Anyways, I know you didn't come for a critique of your stocking, so I'm sorry for that! Some fish that might be appropriate are hastatus, hasbrosus, and even pygmaes cories, and neon tetras... Though those aren't oddballs by any means. This is tough because a lot of the time oddball fish are more likely to be sensitive and needing of a carefully or exclusive stocking, and they're hard to find whether or not they're easy to care for. I would recommend apistogrammas or rams if you were currently stocked differently as well. 

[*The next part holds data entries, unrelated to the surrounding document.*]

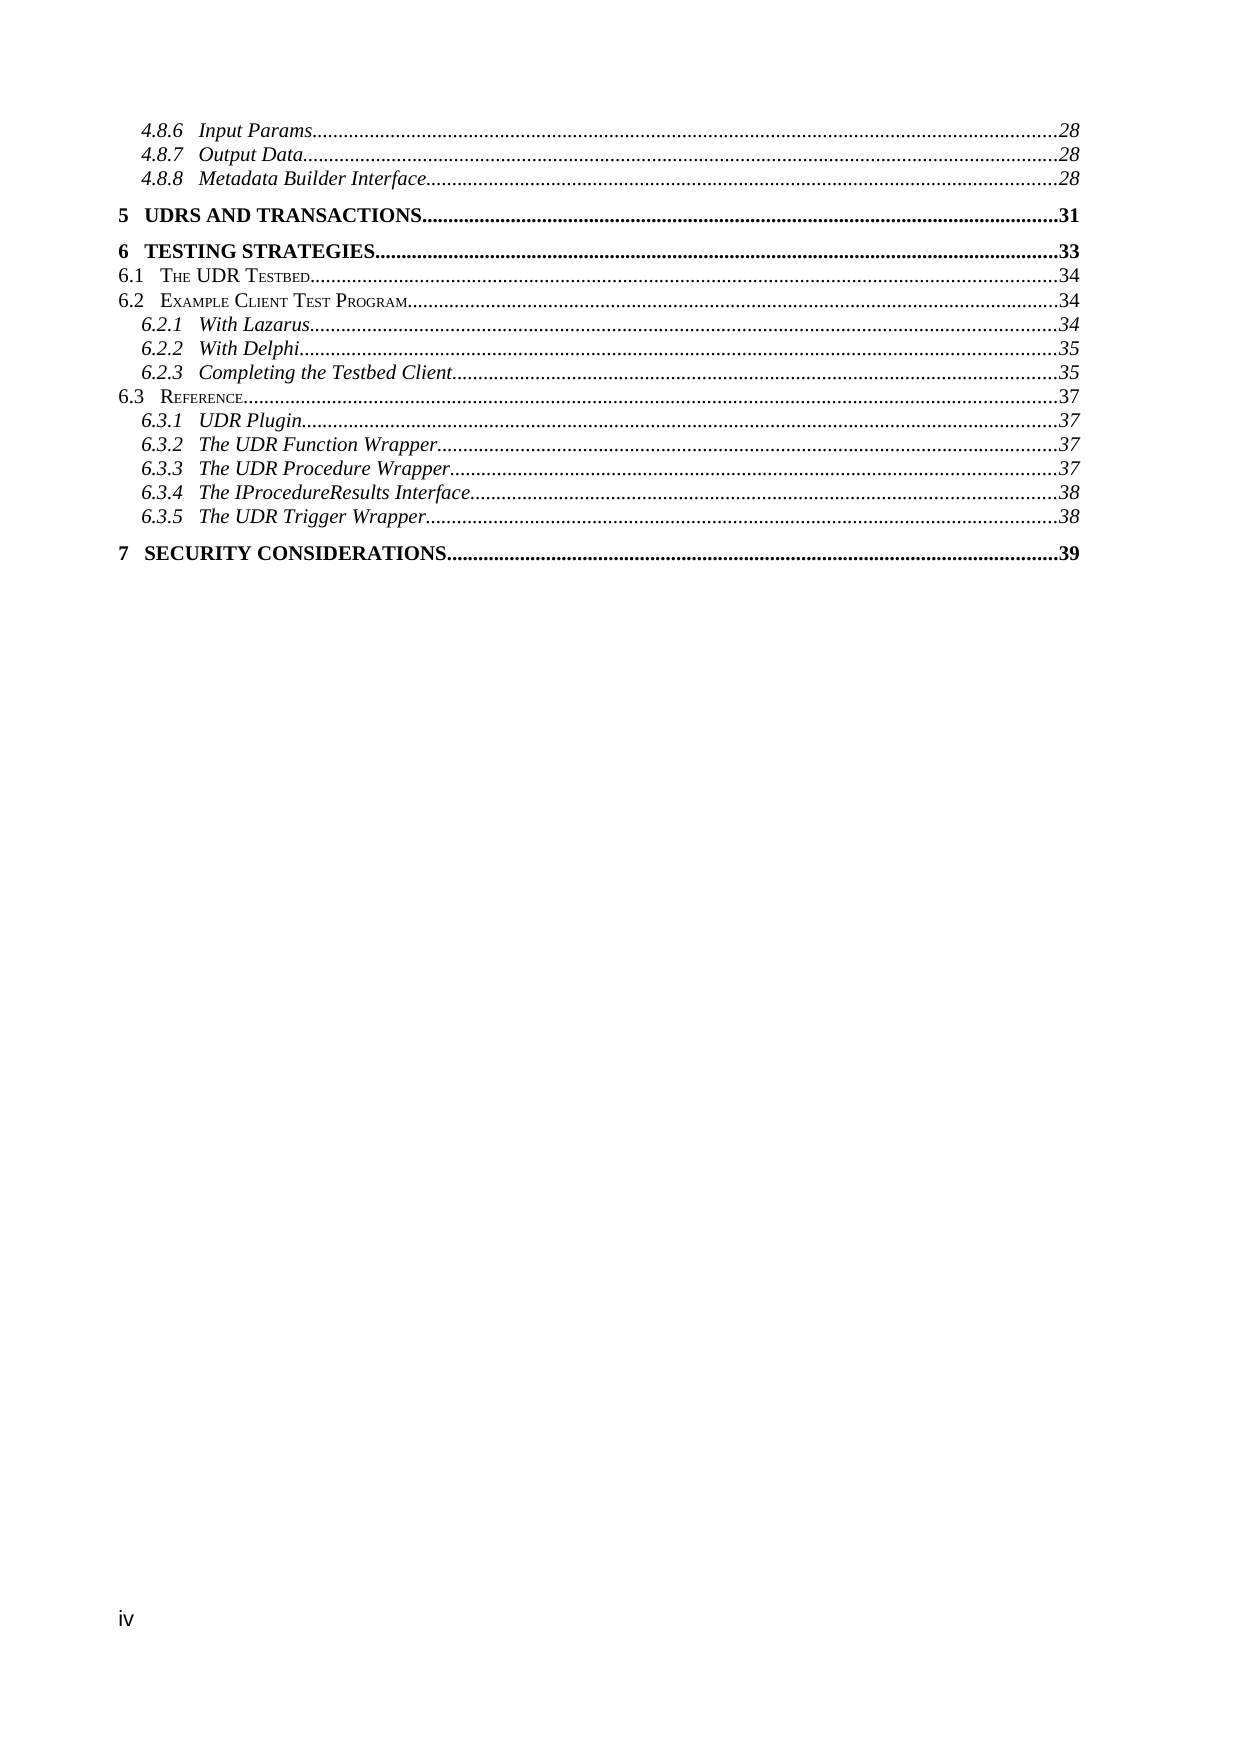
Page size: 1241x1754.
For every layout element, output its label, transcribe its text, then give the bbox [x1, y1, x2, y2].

text 6.3 Reference 37 [118, 384, 1122, 408]
text 4.8.8 Metadata Builder Interface 28 [141, 166, 1122, 190]
text 5 UDRs and Transactions 31 [118, 203, 1122, 227]
text 7 Security Considerations 39 [118, 541, 1122, 565]
text 4.8.6 Input Params 28 [141, 118, 1122, 142]
text 6.2.3 Completing the Testbed Client 35 [141, 360, 1122, 384]
text 6.2 Example Client Test Program 34 [118, 287, 1122, 312]
text 6.3.5 The UDR Trigger Wrapper 38 [141, 504, 1122, 528]
text 6.3.4 The IProcedureResults Interface 38 [141, 480, 1122, 504]
text 6.3.3 The UDR Procedure Wrapper 37 [141, 456, 1122, 480]
text 6.2.2 With Delphi 35 [141, 336, 1122, 360]
text 4.8.7 Output Data 28 [141, 142, 1122, 166]
text 6.1 The UDR Testbed 34 [118, 263, 1122, 287]
text 6.3.1 UDR Plugin 37 [141, 408, 1122, 432]
text 6.2.1 With Lazarus 34 [141, 312, 1122, 336]
text 6.3.2 The UDR Function Wrapper 37 [141, 432, 1122, 456]
text 6 Testing Strategies 33 [118, 239, 1122, 263]

The level of the tank the fish fills is typically my last concern/notice, so don't rely on my info... It's mainly based on what I've read.


----------



## kr1st3n

MattsBettas said:


> My apologies, I totally missed the sig! So you're current stock in a 20g tank is: L134 Pleco, Paradise Fish, Dwarf Gourami, Blue Rainbowfish, Panda Garra, Guppies, and Red Claw Crabs. Honestly this is probably around fully stocked already, especially since the pleco and crabs have fairly high bioloads. The rainbowfish would be happier in a group, though not in a 20g tank (unless it's one of the dwarf varieties, _M. praecox_ or _Pseudomugil sp._).
> 
> Anyways, I know you didn't come for a critique of your stocking, so I'm sorry for that! Some fish that might be appropriate are hastatus, hasbrosus, and even pygmaes cories, and neon tetras... Though those aren't oddballs by any means. This is tough because a lot of the time oddball fish are more likely to be sensitive and needing of a carefully or exclusive stocking, and they're hard to find whether or not they're easy to care for. I would recommend apistogrammas or rams if you were currently stocked differently as well.
> 
> The level of the tank the fish fills is typically my last concern/notice, so don't rely on my info... It's mainly based on what I've read.

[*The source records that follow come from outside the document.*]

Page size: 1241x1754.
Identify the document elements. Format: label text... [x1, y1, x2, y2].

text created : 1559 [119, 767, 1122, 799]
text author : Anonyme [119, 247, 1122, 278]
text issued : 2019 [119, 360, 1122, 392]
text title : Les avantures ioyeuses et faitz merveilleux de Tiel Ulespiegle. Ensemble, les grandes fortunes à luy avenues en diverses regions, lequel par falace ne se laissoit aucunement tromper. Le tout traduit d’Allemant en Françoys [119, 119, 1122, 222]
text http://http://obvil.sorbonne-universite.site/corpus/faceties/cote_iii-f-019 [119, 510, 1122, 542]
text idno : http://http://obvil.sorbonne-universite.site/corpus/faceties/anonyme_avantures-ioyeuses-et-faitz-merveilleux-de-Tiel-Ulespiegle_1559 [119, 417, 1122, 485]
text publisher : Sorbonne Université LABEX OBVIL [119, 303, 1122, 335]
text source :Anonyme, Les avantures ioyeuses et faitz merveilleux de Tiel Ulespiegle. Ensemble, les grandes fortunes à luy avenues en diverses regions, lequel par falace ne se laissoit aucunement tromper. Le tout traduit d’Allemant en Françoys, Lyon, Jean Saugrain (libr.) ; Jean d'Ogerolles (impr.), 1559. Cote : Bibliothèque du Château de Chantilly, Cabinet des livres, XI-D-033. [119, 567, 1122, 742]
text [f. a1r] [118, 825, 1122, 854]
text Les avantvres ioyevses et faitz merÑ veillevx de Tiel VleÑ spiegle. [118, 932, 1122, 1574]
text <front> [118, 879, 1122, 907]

The rainbowfish are actually dwarf blue rainbows, and I have two of them, since there were only two stocked at the store, otherwise I would have gotten three. I wouldn't put a regular rainbow in there.  The tank is heavily filtered, and stocked comfortably, so I would really only put one more fish in there. I do weekly 10-25% WCs, and vacuum the top layer of sand regularly. 

I've never really been into the cories for some reason, and I'm not a fan of the neons. Only have a few because of my little brother. 

I have a 10 gal. I could free up and shift fish into if need be. I also have a 3 gal I could move one or two of the guppies into. So, I have flexible space/room. I'm still thinking I might look for a neon blue goby or two, but they're really hard to find.


----------